- IATA: none; ICAO: none; FAA LID: 07A;

Summary
- Airport type: Public
- Owner: Bullock County
- Serves: Bullock County, Alabama
- Location: Union Springs, Alabama
- Elevation AMSL: 300 ft (91 m)
- Coordinates: 32°10′01″N 085°48′35″W﻿ / ﻿32.16694°N 85.80972°W
- Interactive map of Franklin Field

Runways
| Direction | Length |  | Surface |
| ft | m |
| 14/32 | 3,660 | 1,116 | Asphalt |

Statistics (2010)
- Aircraft operations: 6,545
- Source: Federal Aviation Administration

= Franklin Field (Alabama) =

Franklin Field is a county-owned public-use airport in Bullock County, Alabama, United States. It is located 5 nmi west of the central business district of Union Springs, Alabama. It is included in the FAA's National Plan of Integrated Airport Systems for 2011–2015, which categorized it as a general aviation facility.

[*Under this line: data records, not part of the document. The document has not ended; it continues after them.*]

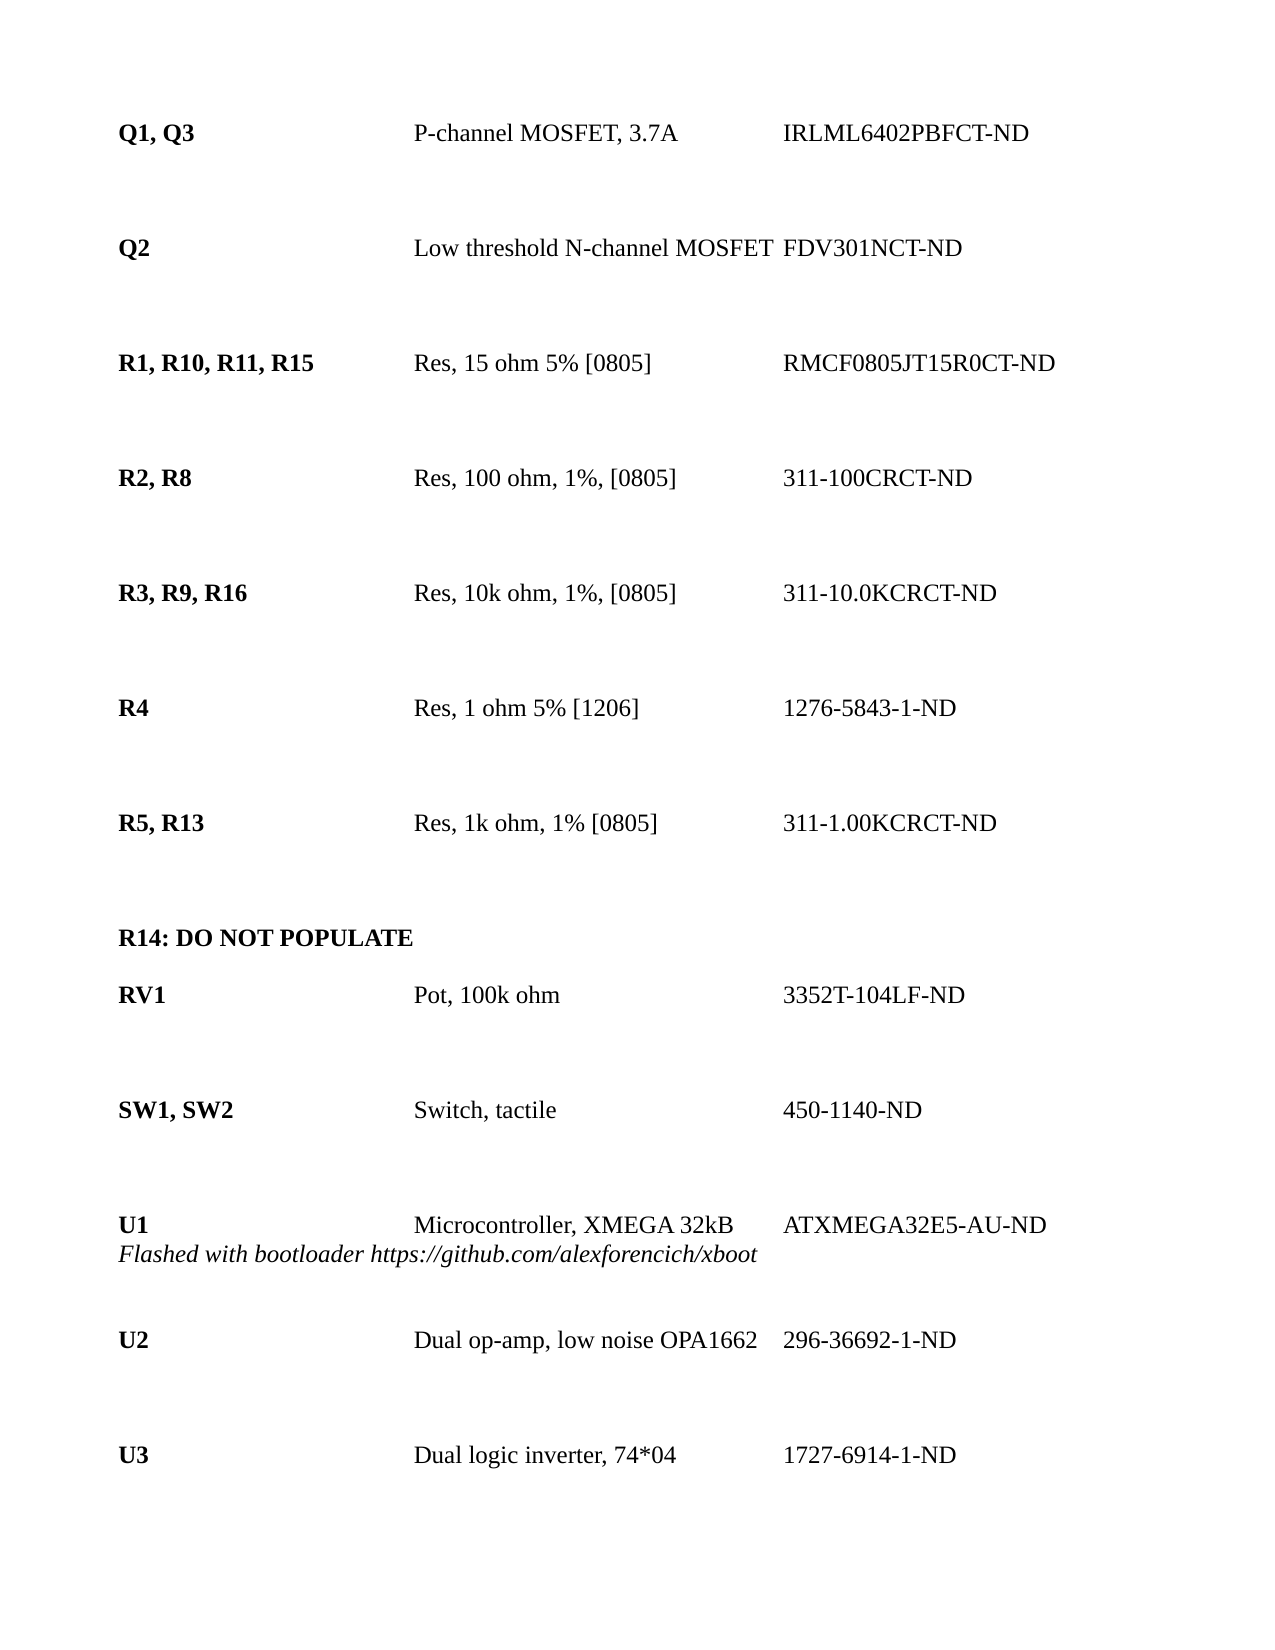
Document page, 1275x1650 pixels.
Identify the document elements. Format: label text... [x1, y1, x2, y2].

text Q2 Low threshold N-channel MOSFET FDV301NCT-ND [118, 233, 1157, 262]
text U2 Dual op-amp, low noise OPA1662 296-36692-1-ND [118, 1326, 1157, 1354]
text R5, R13 Res, 1k ohm, 1% [0805] 311-1.00KCRCT-ND [118, 808, 1157, 837]
text R4 Res, 1 ohm 5% [1206] 1276-5843-1-ND [118, 693, 1157, 722]
text R2, R8 Res, 100 ohm, 1%, [0805] 311-100CRCT-ND [118, 463, 1157, 492]
text U3 Dual logic inverter, 74*04 1727-6914-1-ND [118, 1441, 1157, 1469]
text U1 Microcontroller, XMEGA 32kB ATXMEGA32E5-AU-ND [118, 1211, 1157, 1239]
text R3, R9, R16 Res, 10k ohm, 1%, [0805] 311-10.0KCRCT-ND [118, 578, 1157, 607]
text R1, R10, R11, R15 Res, 15 ohm 5% [0805] RMCF0805JT15R0CT-ND [118, 348, 1157, 377]
text R14: DO NOT POPULATE [118, 923, 1157, 952]
text SW1, SW2 Switch, tactile 450-1140-ND [118, 1096, 1157, 1124]
text RV1 Pot, 100k ohm 3352T-104LF-ND [118, 981, 1157, 1009]
text Flashed with bootloader https://github.com/alexforencich/xboot [118, 1239, 1157, 1268]
text Q1, Q3 P-channel MOSFET, 3.7A IRLML6402PBFCT-ND [118, 118, 1157, 147]
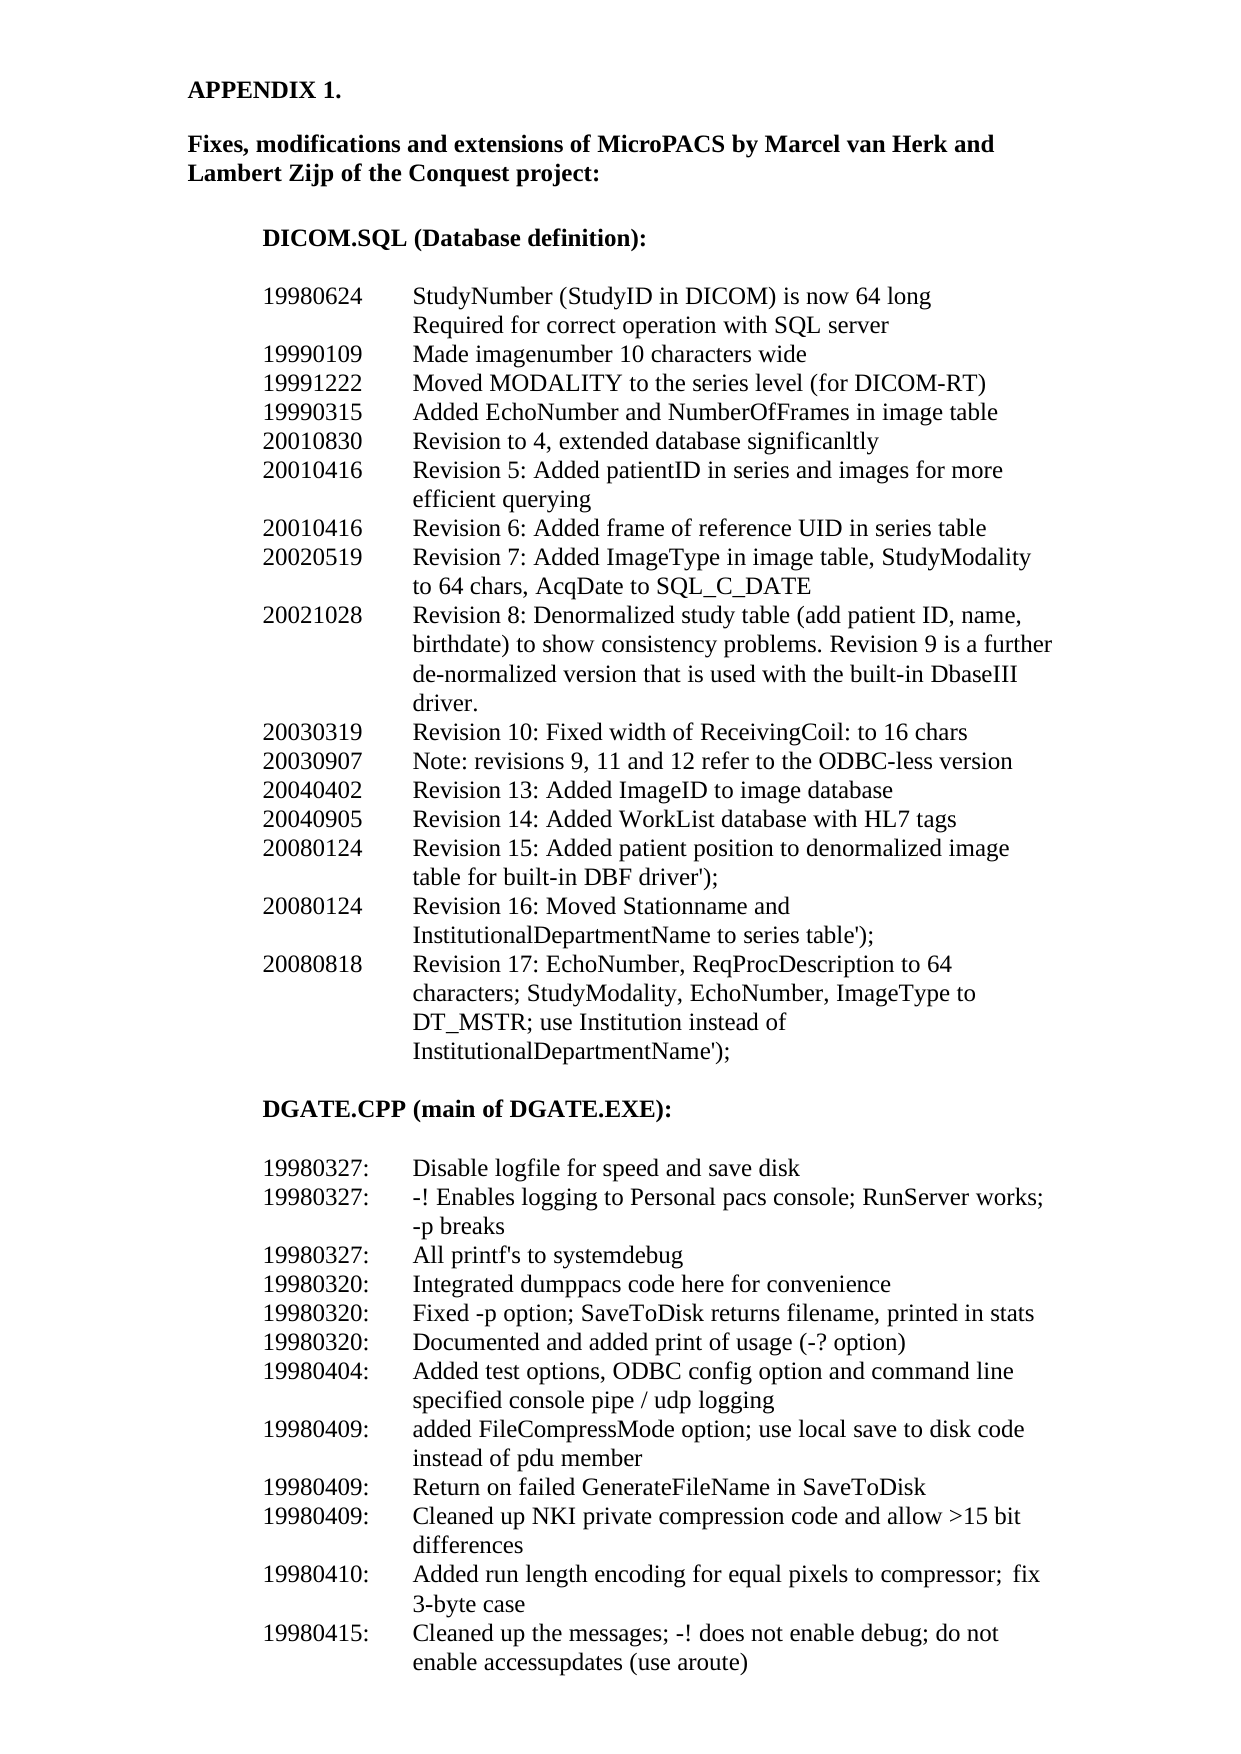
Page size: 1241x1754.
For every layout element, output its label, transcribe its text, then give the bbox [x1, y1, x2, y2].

text 19980415: Cleaned up the messages; -! does not enable debug; do not enable accessupdates (use aroute) [262, 1617, 1053, 1676]
text 20080124 Revision 16: Moved Stationname and InstitutionalDepartmentName to series table'); [262, 891, 1053, 949]
text 19991222 Moved MODALITY to the series level (for DICOM-RT) [262, 368, 1053, 397]
text 19980327: -! Enables logging to Personal pacs console; RunServer works; -p breaks [262, 1182, 1053, 1240]
text 19990315 Added EchoNumber and NumberOfFrames in image table [187, 397, 1053, 426]
text 20020519 Revision 7: Added ImageType in image table, StudyModality to 64 chars, AcqDate to SQL_C_DATE [262, 542, 1053, 600]
text 19980320: Integrated dumppacs code here for convenience [262, 1269, 1053, 1298]
text 19980410: Added run length encoding for equal pixels to compressor; fix 3-byte case [262, 1559, 1053, 1617]
text 20010416 Revision 6: Added frame of reference UID in series table [262, 513, 1053, 542]
text 19980409: added FileCompressMode option; use local save to disk code instead of pdu member [262, 1414, 1053, 1472]
text 19990109 Made imagenumber 10 characters wide [262, 339, 1053, 368]
text DICOM.SQL (Database definition): [262, 222, 1053, 252]
text 20010416 Revision 5: Added patientID in series and images for more efficient querying [262, 455, 1053, 513]
text 19980320: Fixed -p option; SaveToDisk returns filename, printed in stats [262, 1298, 1053, 1327]
text 19980409: Return on failed GenerateFileName in SaveToDisk [262, 1472, 1053, 1501]
text APPENDIX 1. [187, 75, 1053, 104]
text 20030319 Revision 10: Fixed width of ReceivingCoil: to 16 chars [187, 717, 1053, 746]
text 19980327: Disable logfile for speed and save disk [262, 1152, 1053, 1182]
text 20080818 Revision 17: EchoNumber, ReqProcDescription to 64 characters; StudyModality, EchoNumber, ImageType to DT_MSTR; use Institution instead of InstitutionalDepartmentName'); [262, 949, 1053, 1065]
text 19980327: All printf's to systemdebug [262, 1240, 1053, 1269]
subtitle Fixes, modifications and extensions of MicroPACS by Marcel van Herk and Lambert Zijp of the Conquest project: [187, 129, 1053, 187]
text 20040402 Revision 13: Added ImageID to image database [187, 775, 1053, 804]
text DGATE.CPP (main of DGATE.EXE): [262, 1094, 1053, 1123]
text 19980624 StudyNumber (StudyID in DICOM) is now 64 long [262, 281, 1053, 310]
text 19980409: Cleaned up NKI private compression code and allow >15 bit differences [262, 1501, 1053, 1559]
text 19980404: Added test options, ODBC config option and command line specified console pipe / udp logging [262, 1356, 1053, 1414]
text 19980320: Documented and added print of usage (-? option) [262, 1327, 1053, 1356]
text 20040905 Revision 14: Added WorkList database with HL7 tags [187, 804, 1053, 833]
text 20021028 Revision 8: Denormalized study table (add patient ID, name, birthdate) to show consistency problems. Revision 9 is a further de-normalized version that is used with the built-in DbaseIII driver. [262, 600, 1053, 717]
text 20030907 Note: revisions 9, 11 and 12 refer to the ODBC-less version [187, 746, 1053, 775]
text 20010830 Revision to 4, extended database significanltly [187, 426, 1053, 455]
text Required for correct operation with SQL server [262, 310, 1053, 339]
text 20080124 Revision 15: Added patient position to denormalized image table for built-in DBF driver'); [262, 833, 1053, 891]
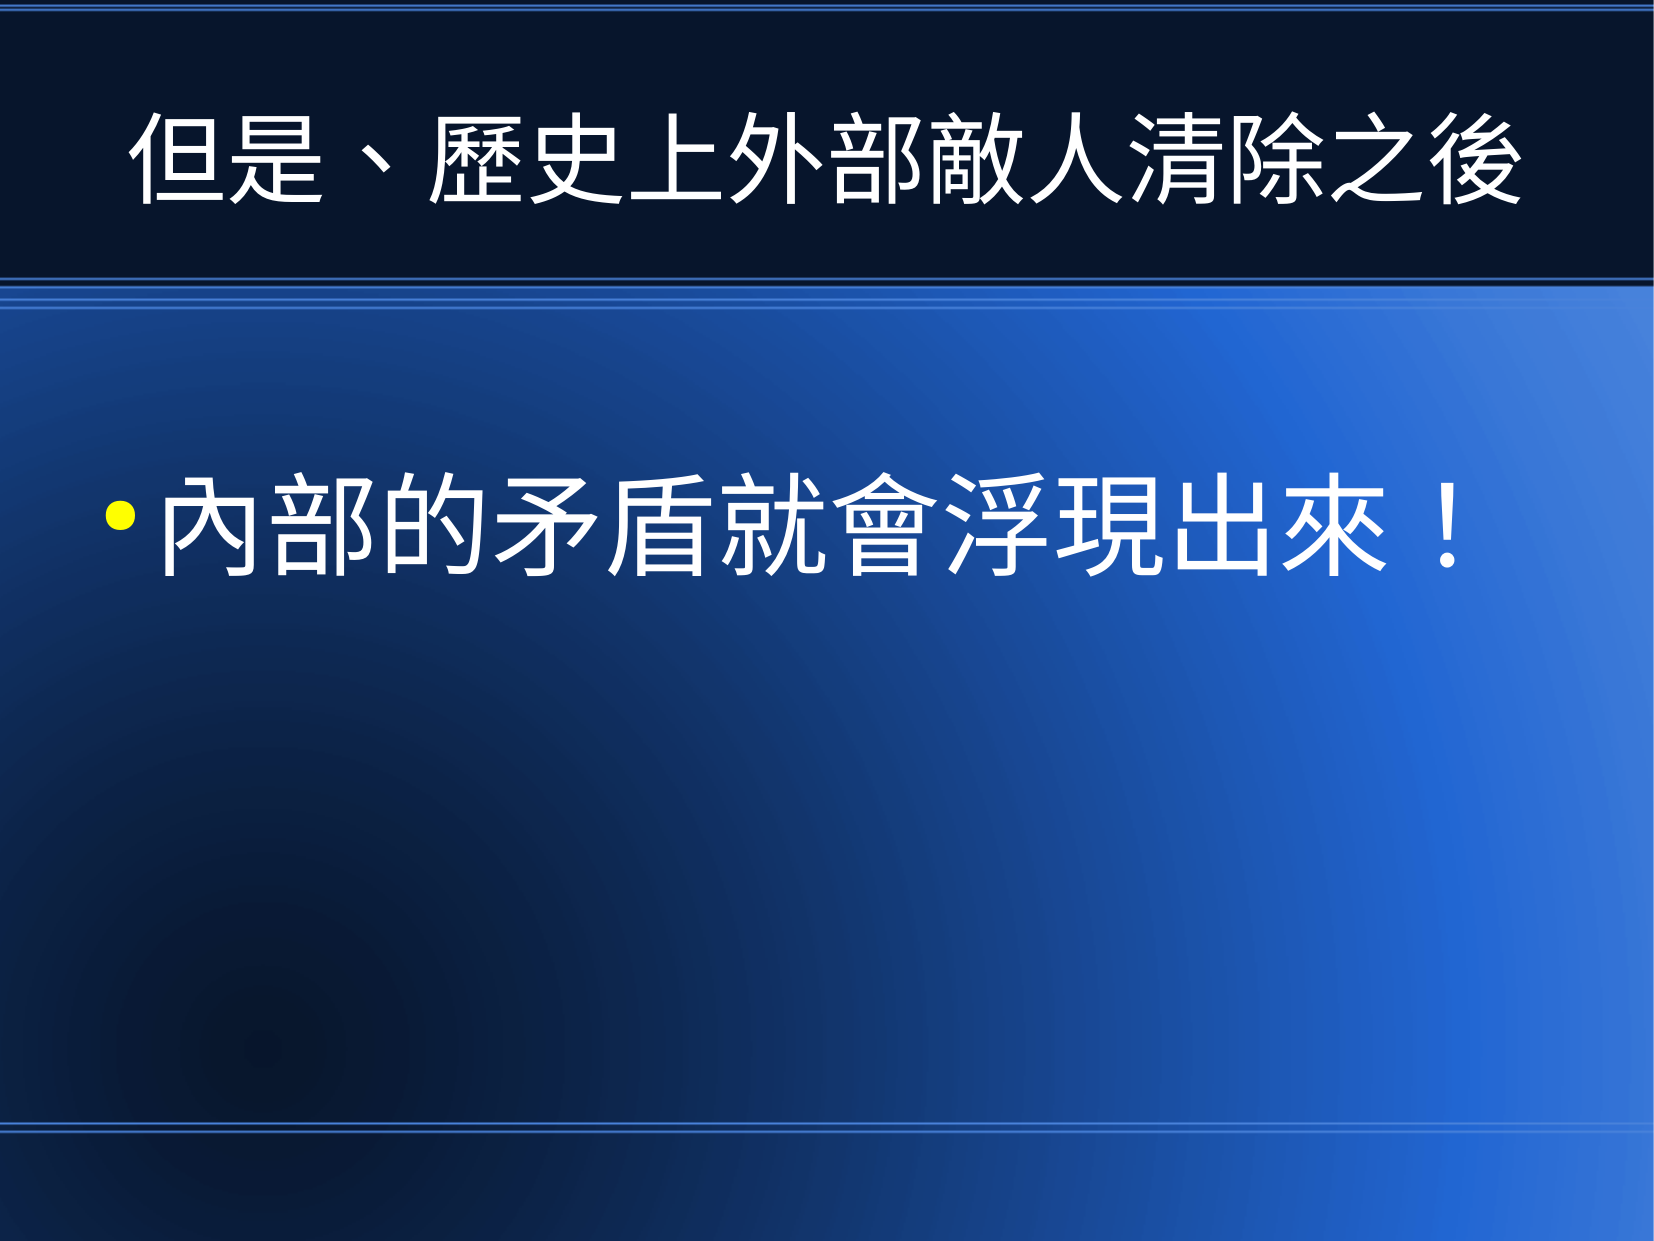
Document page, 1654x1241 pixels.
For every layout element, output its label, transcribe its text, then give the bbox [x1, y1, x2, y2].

list 內部的矛盾就會浮現出來！ [82, 355, 1571, 1241]
title 但是、歷史上外部敵人清除之後 [82, 49, 1571, 257]
picture [0, 0, 1654, 1241]
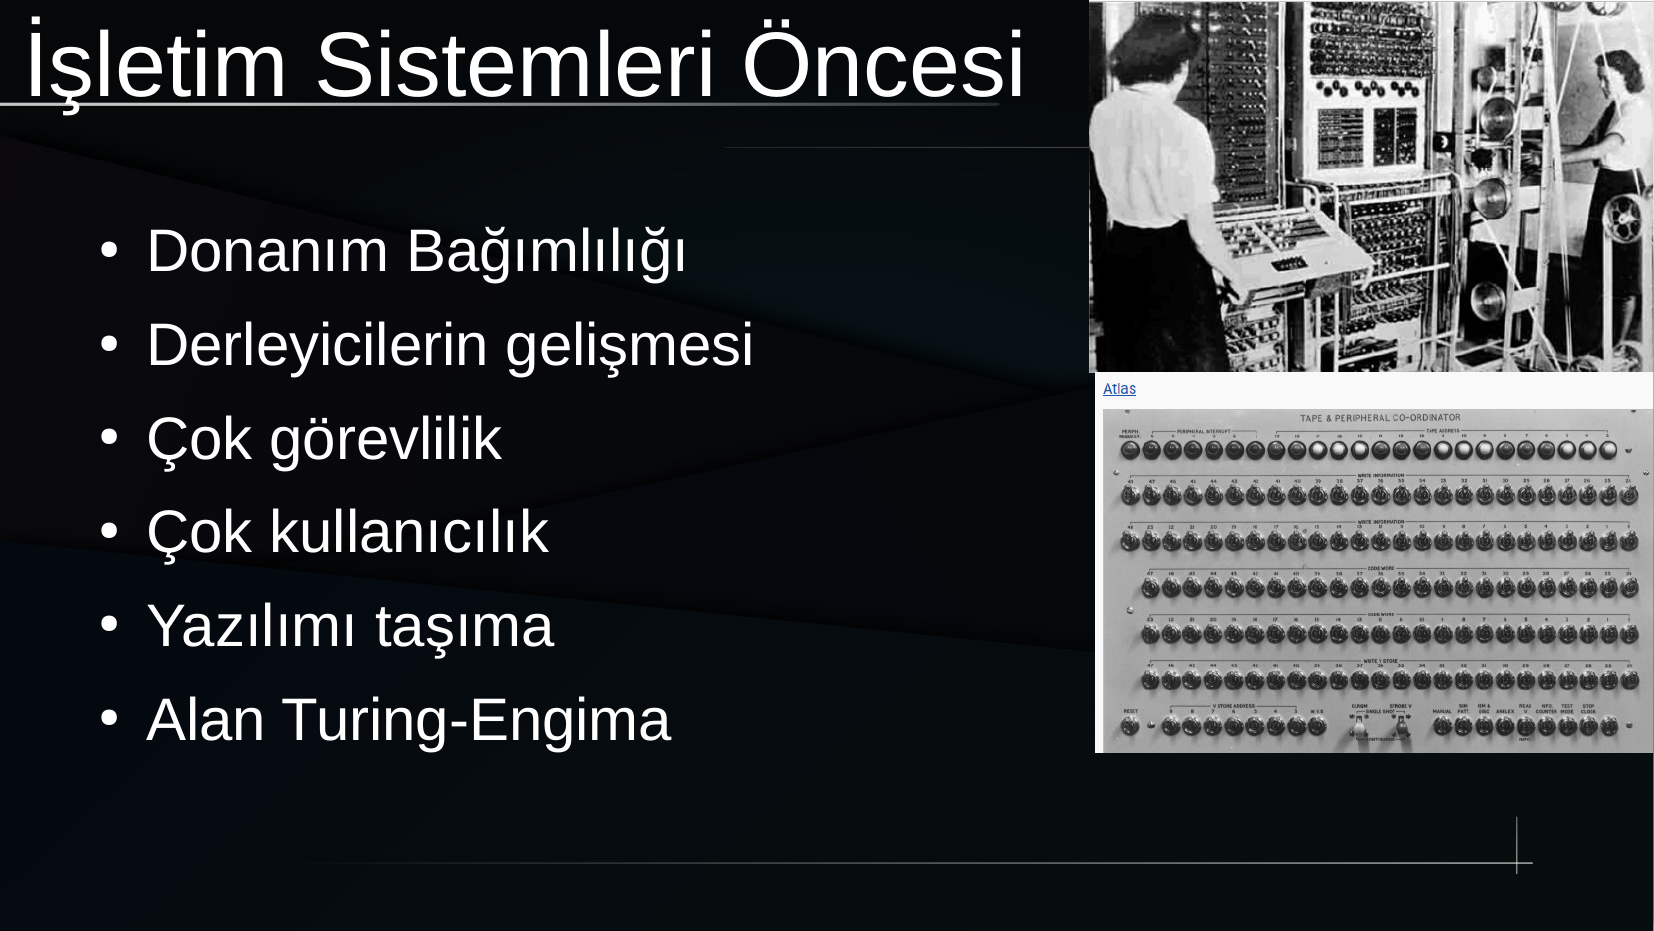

== Facilities and aircraft ==
Franklin Field covers an area of 50 acre at an elevation of 300 ft above mean sea level. It has one runway designated 14/32 with an asphalt surface measuring 5,000 by 80 ft. For the 12-month period ending November 19, 2010, the airport had 6,545 general aviation aircraft operations, an average of 17 per day.